* **Dataset entries**:
☆ ☆ ☆ ☆ ☆ ☆ ☆
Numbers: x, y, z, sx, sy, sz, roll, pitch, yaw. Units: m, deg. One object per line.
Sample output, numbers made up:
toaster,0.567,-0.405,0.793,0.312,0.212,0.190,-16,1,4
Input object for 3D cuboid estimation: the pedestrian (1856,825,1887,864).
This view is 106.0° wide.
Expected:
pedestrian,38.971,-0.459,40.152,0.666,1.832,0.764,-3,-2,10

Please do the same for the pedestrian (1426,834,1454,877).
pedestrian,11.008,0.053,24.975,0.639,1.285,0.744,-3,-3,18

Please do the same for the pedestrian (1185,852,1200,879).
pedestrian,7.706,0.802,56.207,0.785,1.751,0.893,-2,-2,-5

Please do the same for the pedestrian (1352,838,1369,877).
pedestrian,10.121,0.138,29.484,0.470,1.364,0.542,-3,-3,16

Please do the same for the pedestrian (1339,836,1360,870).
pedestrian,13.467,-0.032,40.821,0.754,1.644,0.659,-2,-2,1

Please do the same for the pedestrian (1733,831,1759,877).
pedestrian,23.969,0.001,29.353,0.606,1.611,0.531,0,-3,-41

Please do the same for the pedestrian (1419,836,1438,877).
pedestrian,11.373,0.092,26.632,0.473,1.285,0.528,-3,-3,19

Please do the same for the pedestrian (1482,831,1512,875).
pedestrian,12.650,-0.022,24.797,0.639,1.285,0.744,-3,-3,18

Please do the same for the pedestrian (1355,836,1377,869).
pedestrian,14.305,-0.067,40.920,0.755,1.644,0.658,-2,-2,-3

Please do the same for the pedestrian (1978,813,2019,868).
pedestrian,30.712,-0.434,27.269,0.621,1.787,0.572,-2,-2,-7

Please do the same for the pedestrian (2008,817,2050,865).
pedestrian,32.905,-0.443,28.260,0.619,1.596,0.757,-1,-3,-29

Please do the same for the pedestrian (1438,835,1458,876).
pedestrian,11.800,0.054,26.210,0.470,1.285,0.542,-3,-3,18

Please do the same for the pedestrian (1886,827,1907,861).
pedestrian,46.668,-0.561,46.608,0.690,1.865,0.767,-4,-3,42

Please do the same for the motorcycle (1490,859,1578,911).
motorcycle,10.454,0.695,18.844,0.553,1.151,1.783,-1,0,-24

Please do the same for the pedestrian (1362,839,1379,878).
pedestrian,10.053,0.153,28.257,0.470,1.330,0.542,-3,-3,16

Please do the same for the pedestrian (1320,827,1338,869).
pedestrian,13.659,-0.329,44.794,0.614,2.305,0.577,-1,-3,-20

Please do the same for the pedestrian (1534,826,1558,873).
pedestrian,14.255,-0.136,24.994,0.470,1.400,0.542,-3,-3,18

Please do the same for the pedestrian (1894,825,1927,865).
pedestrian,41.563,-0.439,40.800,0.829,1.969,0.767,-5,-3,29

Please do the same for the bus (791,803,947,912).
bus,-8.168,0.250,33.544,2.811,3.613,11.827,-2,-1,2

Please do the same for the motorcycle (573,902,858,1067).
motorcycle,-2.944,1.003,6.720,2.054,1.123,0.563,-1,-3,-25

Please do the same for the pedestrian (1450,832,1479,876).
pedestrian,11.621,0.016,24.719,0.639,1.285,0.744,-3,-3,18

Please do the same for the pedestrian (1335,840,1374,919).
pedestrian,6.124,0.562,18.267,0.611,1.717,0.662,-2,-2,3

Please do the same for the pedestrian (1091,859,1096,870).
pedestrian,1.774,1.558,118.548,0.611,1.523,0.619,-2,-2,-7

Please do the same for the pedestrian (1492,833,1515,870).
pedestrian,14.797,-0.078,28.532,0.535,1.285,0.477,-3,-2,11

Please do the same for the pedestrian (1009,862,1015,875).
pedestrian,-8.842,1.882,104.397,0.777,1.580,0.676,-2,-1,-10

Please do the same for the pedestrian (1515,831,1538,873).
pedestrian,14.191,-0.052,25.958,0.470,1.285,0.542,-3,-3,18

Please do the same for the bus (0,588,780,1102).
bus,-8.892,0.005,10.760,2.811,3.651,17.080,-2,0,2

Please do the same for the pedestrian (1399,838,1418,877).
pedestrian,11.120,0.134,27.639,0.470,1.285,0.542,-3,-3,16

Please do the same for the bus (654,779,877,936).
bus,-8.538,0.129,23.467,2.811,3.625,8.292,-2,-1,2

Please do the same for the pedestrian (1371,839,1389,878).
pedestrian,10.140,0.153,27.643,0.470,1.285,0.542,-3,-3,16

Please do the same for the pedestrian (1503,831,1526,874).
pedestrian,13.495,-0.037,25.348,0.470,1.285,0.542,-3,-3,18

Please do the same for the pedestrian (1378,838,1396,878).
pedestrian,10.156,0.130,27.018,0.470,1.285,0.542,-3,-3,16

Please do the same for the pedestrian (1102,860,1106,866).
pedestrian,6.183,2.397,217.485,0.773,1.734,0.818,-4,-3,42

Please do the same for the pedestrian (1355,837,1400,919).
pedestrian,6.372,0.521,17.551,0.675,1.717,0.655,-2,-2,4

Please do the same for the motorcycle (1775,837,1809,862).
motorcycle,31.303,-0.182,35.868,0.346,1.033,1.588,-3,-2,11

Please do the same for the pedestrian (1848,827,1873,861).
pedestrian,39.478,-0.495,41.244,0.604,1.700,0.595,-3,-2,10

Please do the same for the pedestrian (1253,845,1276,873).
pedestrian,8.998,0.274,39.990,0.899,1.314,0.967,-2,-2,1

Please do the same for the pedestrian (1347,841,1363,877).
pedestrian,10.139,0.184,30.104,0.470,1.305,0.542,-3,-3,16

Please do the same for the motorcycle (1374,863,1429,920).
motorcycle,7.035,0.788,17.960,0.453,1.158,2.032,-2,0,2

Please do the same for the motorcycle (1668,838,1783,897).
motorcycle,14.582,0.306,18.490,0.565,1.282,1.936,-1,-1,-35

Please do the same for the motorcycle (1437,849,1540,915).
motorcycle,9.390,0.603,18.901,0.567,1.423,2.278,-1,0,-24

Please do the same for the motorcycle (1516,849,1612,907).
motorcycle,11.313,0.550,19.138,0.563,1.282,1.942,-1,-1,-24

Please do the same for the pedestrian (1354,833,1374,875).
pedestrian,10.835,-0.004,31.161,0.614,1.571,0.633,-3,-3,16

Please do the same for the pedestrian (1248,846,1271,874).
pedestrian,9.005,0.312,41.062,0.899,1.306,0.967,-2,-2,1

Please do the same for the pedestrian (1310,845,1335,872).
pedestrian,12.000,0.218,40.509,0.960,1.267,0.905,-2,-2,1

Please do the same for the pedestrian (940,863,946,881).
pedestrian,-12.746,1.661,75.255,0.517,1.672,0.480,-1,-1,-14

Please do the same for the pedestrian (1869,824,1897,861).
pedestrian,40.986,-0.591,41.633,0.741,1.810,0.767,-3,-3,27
☆ ☆ ☆ ☆ ☆ ☆ ☆
* **WHAT THE EXERCISE ASKS**: Here the goal is to repeat each entry exactly.

* **REPLY**:
Numbers: x, y, z, sx, sy, sz, roll, pitch, yaw. Units: m, deg. One object per line.
Sample output, numbers made up:
toaster,0.567,-0.405,0.793,0.312,0.212,0.190,-16,1,4
Input object for 3D cuboid estimation: the pedestrian (1856,825,1887,864).
This view is 106.0° wide.
Expected:
pedestrian,38.971,-0.459,40.152,0.666,1.832,0.764,-3,-2,10

Please do the same for the pedestrian (1426,834,1454,877).
pedestrian,11.008,0.053,24.975,0.639,1.285,0.744,-3,-3,18

Please do the same for the pedestrian (1185,852,1200,879).
pedestrian,7.706,0.802,56.207,0.785,1.751,0.893,-2,-2,-5

Please do the same for the pedestrian (1352,838,1369,877).
pedestrian,10.121,0.138,29.484,0.470,1.364,0.542,-3,-3,16

Please do the same for the pedestrian (1339,836,1360,870).
pedestrian,13.467,-0.032,40.821,0.754,1.644,0.659,-2,-2,1

Please do the same for the pedestrian (1733,831,1759,877).
pedestrian,23.969,0.001,29.353,0.606,1.611,0.531,0,-3,-41

Please do the same for the pedestrian (1419,836,1438,877).
pedestrian,11.373,0.092,26.632,0.473,1.285,0.528,-3,-3,19

Please do the same for the pedestrian (1482,831,1512,875).
pedestrian,12.650,-0.022,24.797,0.639,1.285,0.744,-3,-3,18

Please do the same for the pedestrian (1355,836,1377,869).
pedestrian,14.305,-0.067,40.920,0.755,1.644,0.658,-2,-2,-3

Please do the same for the pedestrian (1978,813,2019,868).
pedestrian,30.712,-0.434,27.269,0.621,1.787,0.572,-2,-2,-7

Please do the same for the pedestrian (2008,817,2050,865).
pedestrian,32.905,-0.443,28.260,0.619,1.596,0.757,-1,-3,-29

Please do the same for the pedestrian (1438,835,1458,876).
pedestrian,11.800,0.054,26.210,0.470,1.285,0.542,-3,-3,18

Please do the same for the pedestrian (1886,827,1907,861).
pedestrian,46.668,-0.561,46.608,0.690,1.865,0.767,-4,-3,42

Please do the same for the motorcycle (1490,859,1578,911).
motorcycle,10.454,0.695,18.844,0.553,1.151,1.783,-1,0,-24

Please do the same for the pedestrian (1362,839,1379,878).
pedestrian,10.053,0.153,28.257,0.470,1.330,0.542,-3,-3,16

Please do the same for the pedestrian (1320,827,1338,869).
pedestrian,13.659,-0.329,44.794,0.614,2.305,0.577,-1,-3,-20

Please do the same for the pedestrian (1534,826,1558,873).
pedestrian,14.255,-0.136,24.994,0.470,1.400,0.542,-3,-3,18

Please do the same for the pedestrian (1894,825,1927,865).
pedestrian,41.563,-0.439,40.800,0.829,1.969,0.767,-5,-3,29

Please do the same for the bus (791,803,947,912).
bus,-8.168,0.250,33.544,2.811,3.613,11.827,-2,-1,2

Please do the same for the motorcycle (573,902,858,1067).
motorcycle,-2.944,1.003,6.720,2.054,1.123,0.563,-1,-3,-25

Please do the same for the pedestrian (1450,832,1479,876).
pedestrian,11.621,0.016,24.719,0.639,1.285,0.744,-3,-3,18

Please do the same for the pedestrian (1335,840,1374,919).
pedestrian,6.124,0.562,18.267,0.611,1.717,0.662,-2,-2,3

Please do the same for the pedestrian (1091,859,1096,870).
pedestrian,1.774,1.558,118.548,0.611,1.523,0.619,-2,-2,-7

Please do the same for the pedestrian (1492,833,1515,870).
pedestrian,14.797,-0.078,28.532,0.535,1.285,0.477,-3,-2,11

Please do the same for the pedestrian (1009,862,1015,875).
pedestrian,-8.842,1.882,104.397,0.777,1.580,0.676,-2,-1,-10

Please do the same for the pedestrian (1515,831,1538,873).
pedestrian,14.191,-0.052,25.958,0.470,1.285,0.542,-3,-3,18

Please do the same for the bus (0,588,780,1102).
bus,-8.892,0.005,10.760,2.811,3.651,17.080,-2,0,2

Please do the same for the pedestrian (1399,838,1418,877).
pedestrian,11.120,0.134,27.639,0.470,1.285,0.542,-3,-3,16

Please do the same for the bus (654,779,877,936).
bus,-8.538,0.129,23.467,2.811,3.625,8.292,-2,-1,2

Please do the same for the pedestrian (1371,839,1389,878).
pedestrian,10.140,0.153,27.643,0.470,1.285,0.542,-3,-3,16

Please do the same for the pedestrian (1503,831,1526,874).
pedestrian,13.495,-0.037,25.348,0.470,1.285,0.542,-3,-3,18

Please do the same for the pedestrian (1378,838,1396,878).
pedestrian,10.156,0.130,27.018,0.470,1.285,0.542,-3,-3,16

Please do the same for the pedestrian (1102,860,1106,866).
pedestrian,6.183,2.397,217.485,0.773,1.734,0.818,-4,-3,42

Please do the same for the pedestrian (1355,837,1400,919).
pedestrian,6.372,0.521,17.551,0.675,1.717,0.655,-2,-2,4

Please do the same for the motorcycle (1775,837,1809,862).
motorcycle,31.303,-0.182,35.868,0.346,1.033,1.588,-3,-2,11

Please do the same for the pedestrian (1848,827,1873,861).
pedestrian,39.478,-0.495,41.244,0.604,1.700,0.595,-3,-2,10

Please do the same for the pedestrian (1253,845,1276,873).
pedestrian,8.998,0.274,39.990,0.899,1.314,0.967,-2,-2,1

Please do the same for the pedestrian (1347,841,1363,877).
pedestrian,10.139,0.184,30.104,0.470,1.305,0.542,-3,-3,16

Please do the same for the motorcycle (1374,863,1429,920).
motorcycle,7.035,0.788,17.960,0.453,1.158,2.032,-2,0,2

Please do the same for the motorcycle (1668,838,1783,897).
motorcycle,14.582,0.306,18.490,0.565,1.282,1.936,-1,-1,-35

Please do the same for the motorcycle (1437,849,1540,915).
motorcycle,9.390,0.603,18.901,0.567,1.423,2.278,-1,0,-24

Please do the same for the motorcycle (1516,849,1612,907).
motorcycle,11.313,0.550,19.138,0.563,1.282,1.942,-1,-1,-24

Please do the same for the pedestrian (1354,833,1374,875).
pedestrian,10.835,-0.004,31.161,0.614,1.571,0.633,-3,-3,16

Please do the same for the pedestrian (1248,846,1271,874).
pedestrian,9.005,0.312,41.062,0.899,1.306,0.967,-2,-2,1

Please do the same for the pedestrian (1310,845,1335,872).
pedestrian,12.000,0.218,40.509,0.960,1.267,0.905,-2,-2,1

Please do the same for the pedestrian (940,863,946,881).
pedestrian,-12.746,1.661,75.255,0.517,1.672,0.480,-1,-1,-14

Please do the same for the pedestrian (1869,824,1897,861).
pedestrian,40.986,-0.591,41.633,0.741,1.810,0.767,-3,-3,27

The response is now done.